──────── Record set ────────

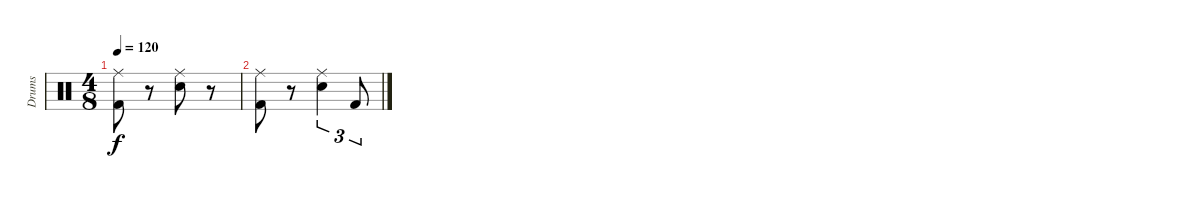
\track ("Drums" "Drums") {instrument percussion}
\staff {score}
\articulation defaults
\ts (4 8)
\tempo 120
\clef neutral
\ks c
("Ride (middle)" "Kick (hit) 2").8{dy f volume 1} r.8 ("Ride (middle)" "Electric Snare (hit)").8 r.8 |
("Ride (middle)" "Kick (hit) 2").8 r.8 ("Ride (middle)" "Electric Snare (hit)").4{tu (3 2)} "Kick (hit) 2".8{tu (3 2)}
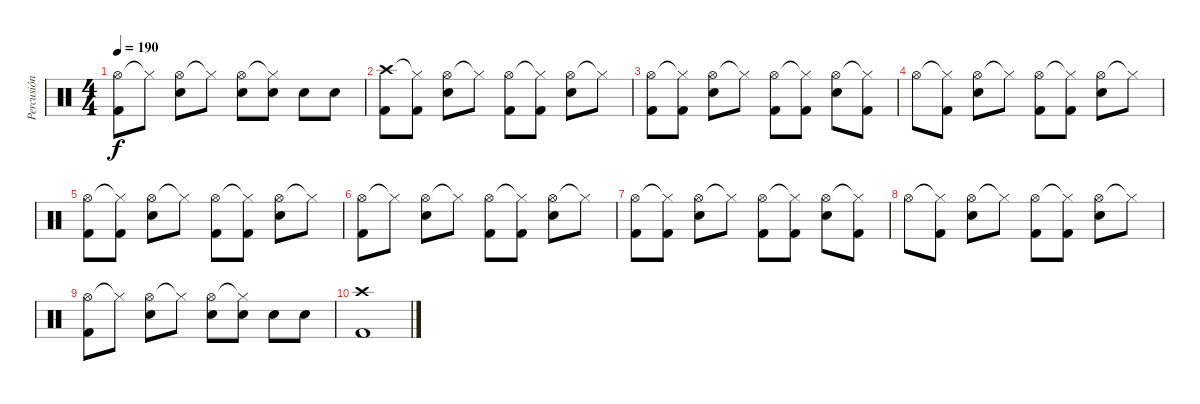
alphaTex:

\track ("Percusión" "Percusión") {instrument percussion}
\staff {score}
\articulation defaults
\ts (4 4)
\tempo 190
\clef neutral
\ks c
("Hi-Hat (open)" "Kick (hit) 2").8{dy f} "Hi-Hat (closed)"{t}.8 ("Hi-Hat (open)" "Snare (hit) 2").8 "Hi-Hat (closed)"{t}.8 ("Hi-Hat (open)" "Snare (hit) 2").8 ("Hi-Hat (closed)"{t} "Snare (hit) 2").8 "Snare (hit) 2".8 "Snare (hit) 2".8 |
("Crash high (hit)" "Kick (hit) 2").8 ("Hi-Hat (closed)"{t} "Kick (hit) 2").8 ("Hi-Hat (open)" "Snare (hit) 2").8 "Hi-Hat (closed)"{t}.8 ("Hi-Hat (open)" "Kick (hit) 2").8 ("Hi-Hat (closed)"{t} "Kick (hit) 2").8 ("Hi-Hat (open)" "Snare (hit) 2").8 "Hi-Hat (closed)"{t}.8 |
("Hi-Hat (open)" "Kick (hit) 2").8 ("Hi-Hat (closed)"{t} "Kick (hit) 2").8 ("Hi-Hat (open)" "Snare (hit) 2").8 "Hi-Hat (closed)"{t}.8 ("Hi-Hat (open)" "Kick (hit) 2").8 ("Hi-Hat (closed)"{t} "Kick (hit) 2").8 ("Hi-Hat (open)" "Snare (hit) 2").8 ("Hi-Hat (closed)"{t} "Kick (hit) 2").8 |
"Hi-Hat (open)".8 ("Hi-Hat (closed)"{t} "Kick (hit) 2").8 ("Hi-Hat (open)" "Snare (hit) 2").8 "Hi-Hat (closed)"{t}.8 ("Hi-Hat (open)" "Kick (hit) 2").8 ("Hi-Hat (closed)"{t} "Kick (hit) 2").8 ("Hi-Hat (open)" "Snare (hit) 2").8 "Hi-Hat (closed)"{t}.8 |
("Hi-Hat (open)" "Kick (hit) 2").8 ("Hi-Hat (closed)"{t} "Kick (hit) 2").8 ("Hi-Hat (open)" "Snare (hit) 2").8 "Hi-Hat (closed)"{t}.8 ("Hi-Hat (open)" "Kick (hit) 2").8 ("Hi-Hat (closed)"{t} "Kick (hit) 2").8 ("Hi-Hat (open)" "Snare (hit) 2").8 "Hi-Hat (closed)"{t}.8 |
("Hi-Hat (open)" "Kick (hit) 2").8 "Hi-Hat (closed)"{t}.8 ("Hi-Hat (open)" "Snare (hit) 2").8 "Hi-Hat (closed)"{t}.8 ("Hi-Hat (open)" "Kick (hit) 2").8 ("Hi-Hat (closed)"{t} "Kick (hit) 2").8 ("Hi-Hat (open)" "Snare (hit) 2").8 "Hi-Hat (closed)"{t}.8 |
("Hi-Hat (open)" "Kick (hit) 2").8 ("Hi-Hat (closed)"{t} "Kick (hit) 2").8 ("Hi-Hat (open)" "Snare (hit) 2").8 "Hi-Hat (closed)"{t}.8 ("Hi-Hat (open)" "Kick (hit) 2").8 ("Hi-Hat (closed)"{t} "Kick (hit) 2").8 ("Hi-Hat (open)" "Snare (hit) 2").8 ("Hi-Hat (closed)"{t} "Kick (hit) 2").8 |
"Hi-Hat (open)".8 ("Hi-Hat (closed)"{t} "Kick (hit) 2").8 ("Hi-Hat (open)" "Snare (hit) 2").8 "Hi-Hat (closed)"{t}.8 ("Hi-Hat (open)" "Kick (hit) 2").8 ("Hi-Hat (closed)"{t} "Kick (hit) 2").8 ("Hi-Hat (open)" "Snare (hit) 2").8 "Hi-Hat (closed)"{t}.8 |
("Hi-Hat (open)" "Kick (hit) 2").8 "Hi-Hat (closed)"{t}.8 ("Hi-Hat (open)" "Snare (hit) 2").8 "Hi-Hat (closed)"{t}.8 ("Hi-Hat (open)" "Snare (hit) 2").8 ("Hi-Hat (closed)"{t} "Snare (hit) 2").8 "Snare (hit) 2".8 "Snare (hit) 2".8 |
("Kick (hit) 2" "Crash high (hit)").1
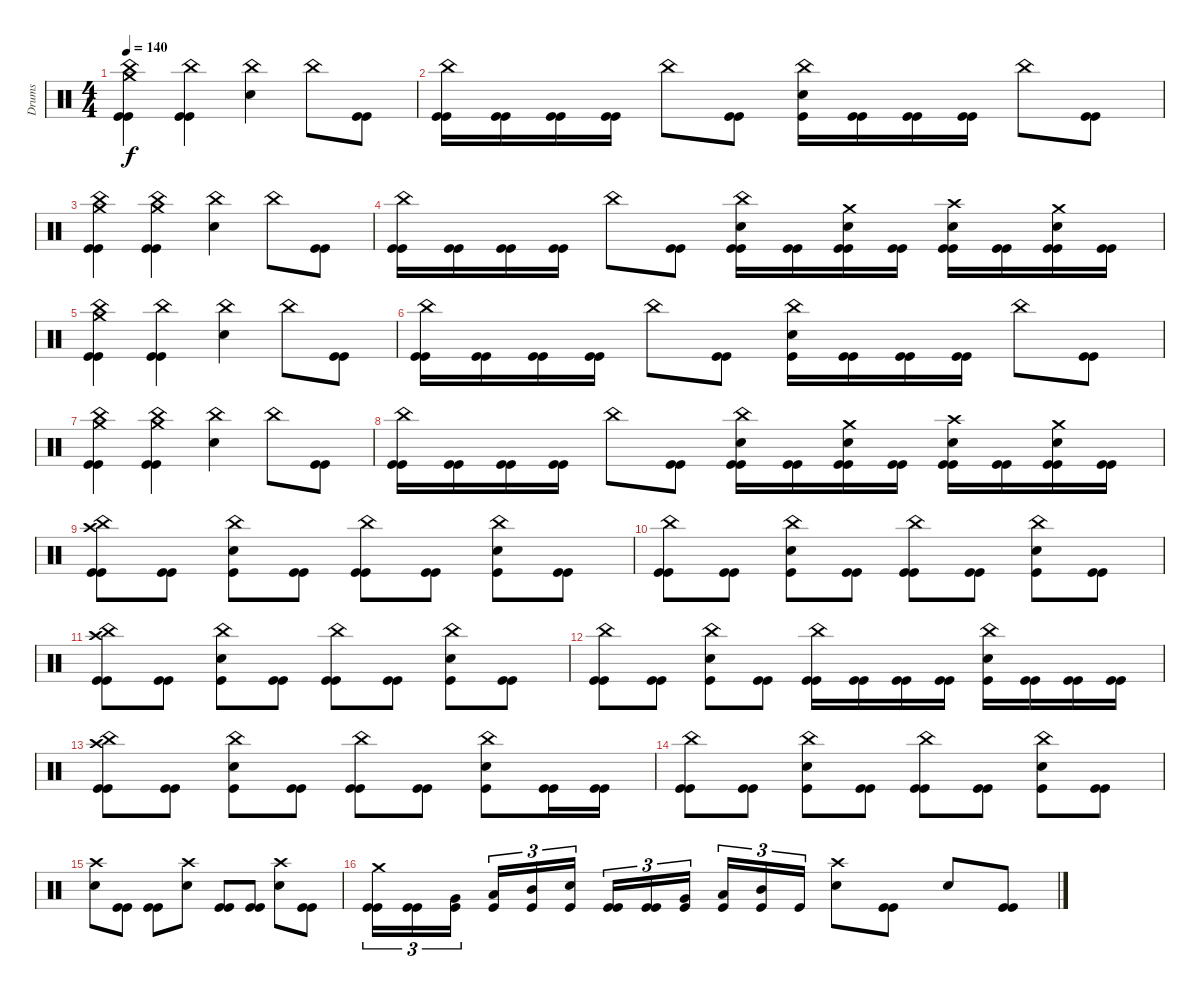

────────

→ What the task asks:
The string "Electric" may occur on several lines of the listing; state how many such lines there are, giving the number only.

→ Output below:
2